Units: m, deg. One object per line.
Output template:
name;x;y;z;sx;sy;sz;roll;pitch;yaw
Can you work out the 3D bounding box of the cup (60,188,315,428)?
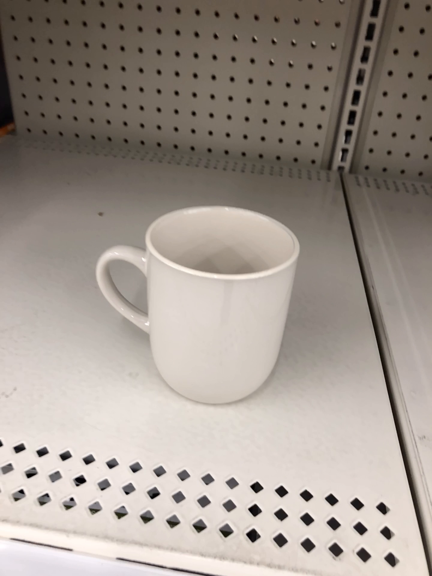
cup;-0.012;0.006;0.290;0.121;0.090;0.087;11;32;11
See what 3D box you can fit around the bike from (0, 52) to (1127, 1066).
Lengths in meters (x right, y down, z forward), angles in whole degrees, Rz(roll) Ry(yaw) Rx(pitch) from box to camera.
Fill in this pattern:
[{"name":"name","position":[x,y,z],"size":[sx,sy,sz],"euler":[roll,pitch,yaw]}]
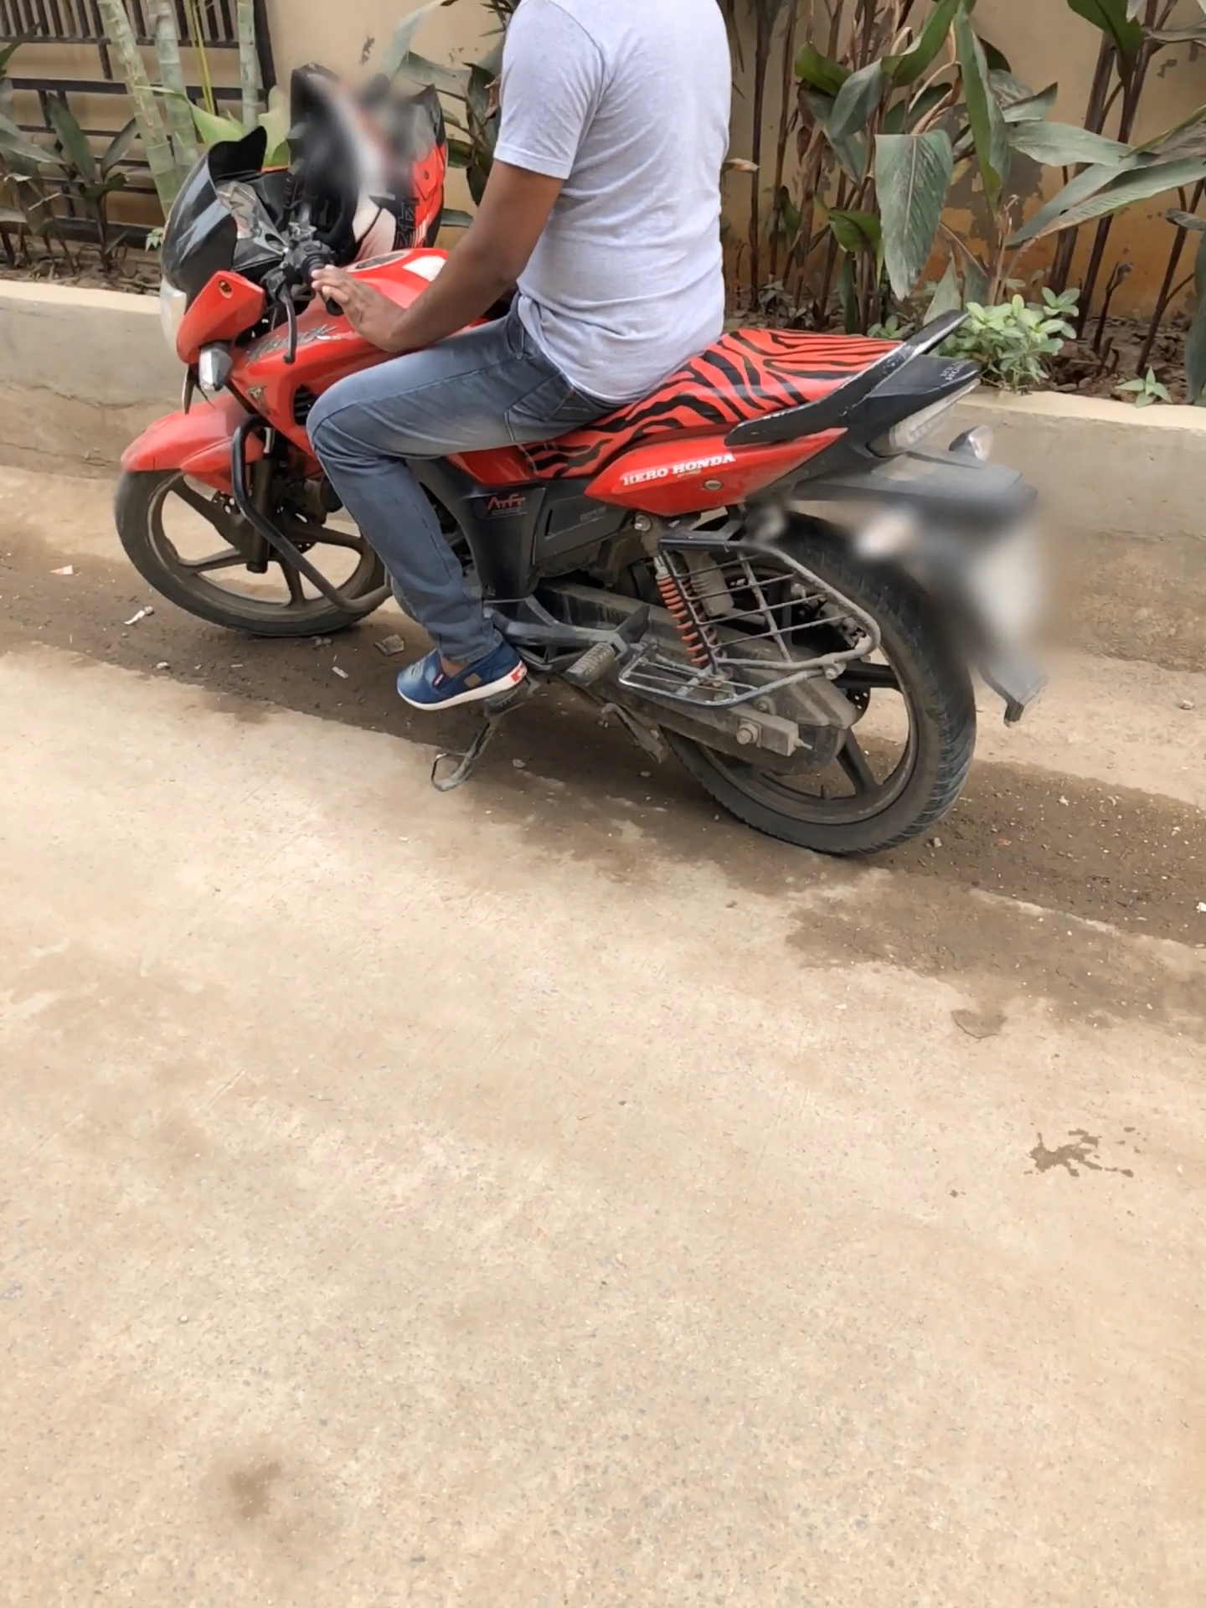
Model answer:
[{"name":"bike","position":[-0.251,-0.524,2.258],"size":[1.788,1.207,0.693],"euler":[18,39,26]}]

...

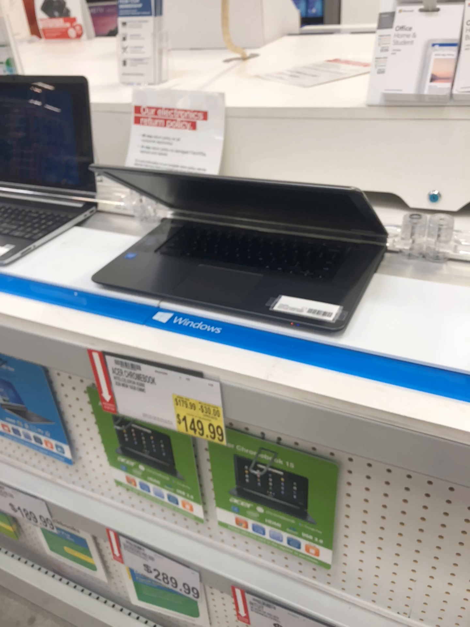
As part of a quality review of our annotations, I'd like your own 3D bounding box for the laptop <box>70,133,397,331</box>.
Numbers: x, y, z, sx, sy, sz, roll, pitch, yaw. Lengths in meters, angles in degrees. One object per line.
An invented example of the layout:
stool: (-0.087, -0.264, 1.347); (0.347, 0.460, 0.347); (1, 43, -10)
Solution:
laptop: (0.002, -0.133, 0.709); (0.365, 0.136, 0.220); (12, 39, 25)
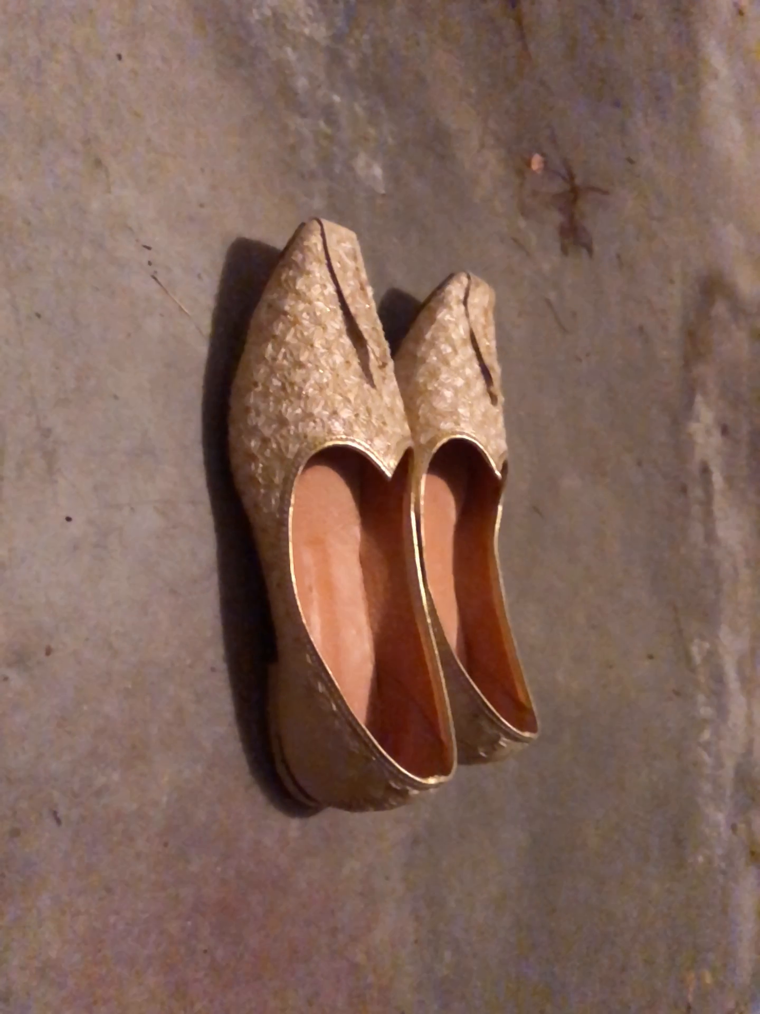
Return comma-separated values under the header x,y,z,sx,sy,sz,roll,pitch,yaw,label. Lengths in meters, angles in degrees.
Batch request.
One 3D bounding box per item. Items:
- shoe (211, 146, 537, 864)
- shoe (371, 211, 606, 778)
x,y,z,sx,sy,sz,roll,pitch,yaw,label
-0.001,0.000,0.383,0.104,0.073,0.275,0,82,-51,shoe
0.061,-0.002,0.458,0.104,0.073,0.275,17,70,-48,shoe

TO DO: Give back exactly, and solely, the section of the data above bounded by the line containing "Units: m, deg. One object per line." and the line containing "Fill in this", both bounding lines included and pictures omitted.

WRITTEN ANSWER:
Units: m, deg. One object per line.
Output template:
name;x;y;z;sx;sy;sz;roll;pitch;yaw
Can you work out the 3D bounding box of the cup (60,188,315,428)?
cup;-0.012;0.006;0.290;0.121;0.090;0.087;11;32;11
See what 3D box you can fit around the bike from (0, 52) to (1127, 1066).
Lengths in meters (x right, y down, z forward), angles in whole degrees, Rz(roll) Ry(yaw) Rx(pitch) from box to camera.
Fill in this pattern:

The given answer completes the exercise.